J got 2.812900% of the wins with 2.849003% of the money.
K got 3.108000% of the wins with 3.133903% of the money.
L got 3.333500% of the wins with 3.418803% of the money.
M got 3.667000% of the wins with 3.703704% of the money.
N got 3.954400% of the wins with 3.988604% of the money.
O got 4.229700% of the wins with 4.273504% of the money.
P got 4.554900% of the wins with 4.558405% of the money.
Q got 4.813100% of the wins with 4.843305% of the money.
R got 5.146400% of the wins with 5.128205% of the money.
S got 5.400300% of the wins with 5.413105% of the money.
T got 5.720200% of the wins with 5.698006% of the money.
U got 6.039900% of the wins with 5.982906% of the money.
V got 6.336200% of the wins with 6.267806% of the money.
W got 6.610200% of the wins with 6.552707% of the money.
X got 7.018400% of the wins with 6.837607% of the money.
Y got 7.296000% of the wins with 7.122507% of the money.
Z got 7.616900% of the wins with 7.407407% of the money.

very cool simulation.  that started leveling out very quickly from just 2 accounts to 26.

[Cryddit]

And you're looking at a thread in which two different people have posted code.

Both the people made the same error.

And you have not yet said what that error is.  In fact you flatly refused to on several occasions.  The supposed error does not in fact exist. 

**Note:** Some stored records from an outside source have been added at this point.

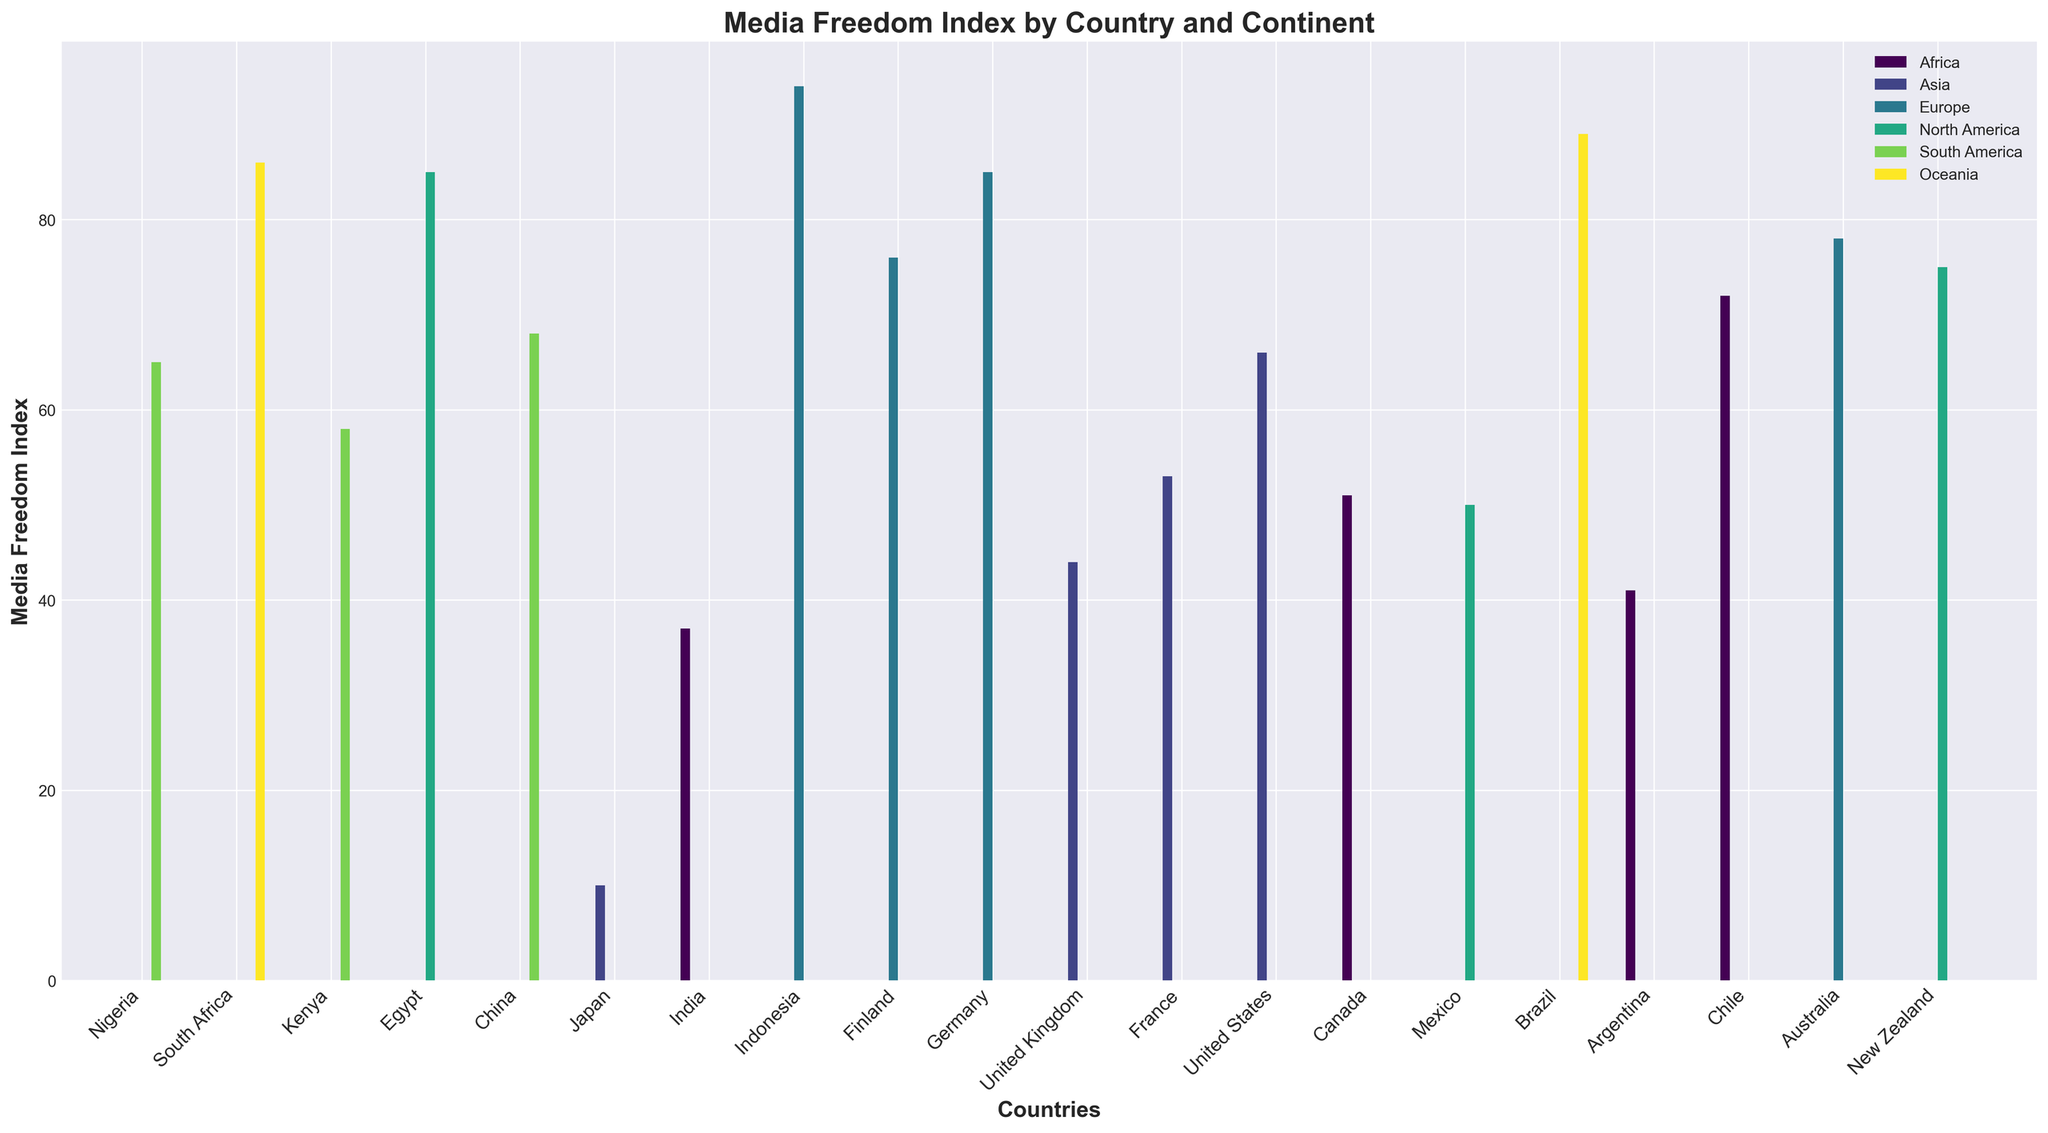Which continent has the country with the highest Media Freedom Index score? The highest Media Freedom Index score is 94, achieved by Finland. Finland is in Europe.
Answer: Europe What is the difference in Media Freedom Index between China and the United States? China has a score of 10 and the United States has a score of 75. The difference is calculated by subtracting 10 from 75.
Answer: 65 Which country in Africa has the highest Media Freedom Index score? The African countries listed are Nigeria, South Africa, Kenya, and Egypt. The scores are 41, 72, 51, and 37 respectively. The highest score among these is 72, which belongs to South Africa.
Answer: South Africa How many countries have a Media Freedom Index score above 80? The countries with scores above 80 are Finland (94), Germany (85), Canada (85), Australia (86), and New Zealand (89). Counting these gives us 5 countries.
Answer: 5 Which continent has the most countries listed with Media Freedom Index scores? The continents listed with their countries are Africa (4), Asia (4), Europe (4), North America (3), South America (3), and Oceania (2). Africa, Asia, and Europe each have 4 countries listed, which is the most.
Answer: Africa, Asia, and Europe Compare the Media Freedom Index of South America and North America by calculating the average score for each continent. Which one has a higher average score? South America: (58 + 65 + 68)/3 = 63.67, North America: (75 + 85 + 50)/3 = 70. The average score for North America is higher.
Answer: North America What is the median Media Freedom Index score for the countries listed in Asia? The scores for the Asian countries are 10 (China), 66 (Japan), 44 (India), 53 (Indonesia). Arranged in order: 10, 44, 53, 66. The median score is the average of 44 and 53, i.e., (44 + 53) / 2 = 48.5.
Answer: 48.5 Which country has the lowest Media Freedom Index score and which continent is it on? The lowest score is 10, which belongs to China. China is in Asia.
Answer: China, Asia What is the total sum of the Media Freedom Index scores for the countries in Europe? The scores for European countries are 94 (Finland), 85 (Germany), 78 (United Kingdom), and 76 (France). Summing these gives 94 + 85 + 78 + 76 = 333.
Answer: 333 Among the countries listed, which country in Oceania has the higher Media Freedom Index score and by how much? The countries in Oceania listed are Australia (86) and New Zealand (89). New Zealand has a higher score than Australia by 89 - 86 = 3.
Answer: New Zealand, 3 
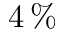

You were right when you said that the artificial situation of just two accounts exaggerated the effect; That doesn't mean there was an error -- the bias unquestionably exists. 

So I only have one question; why are you pretending to have a problem understanding this?

Already answered why ur model is incorrect. Sorry, I'm not going to waste my time on every guy who does a logical error.

Nope, sorry.  Remember, You flatly refused to explain. You don't get to flatly refuse to explain, and then claim that you did. 

The model is correct; The only question is, does it matter?   And the answer given the broader simulation above is, probably not. With many accounts no one having more than a small fraction of the total money, the bias is very small.  But it definitely does exist.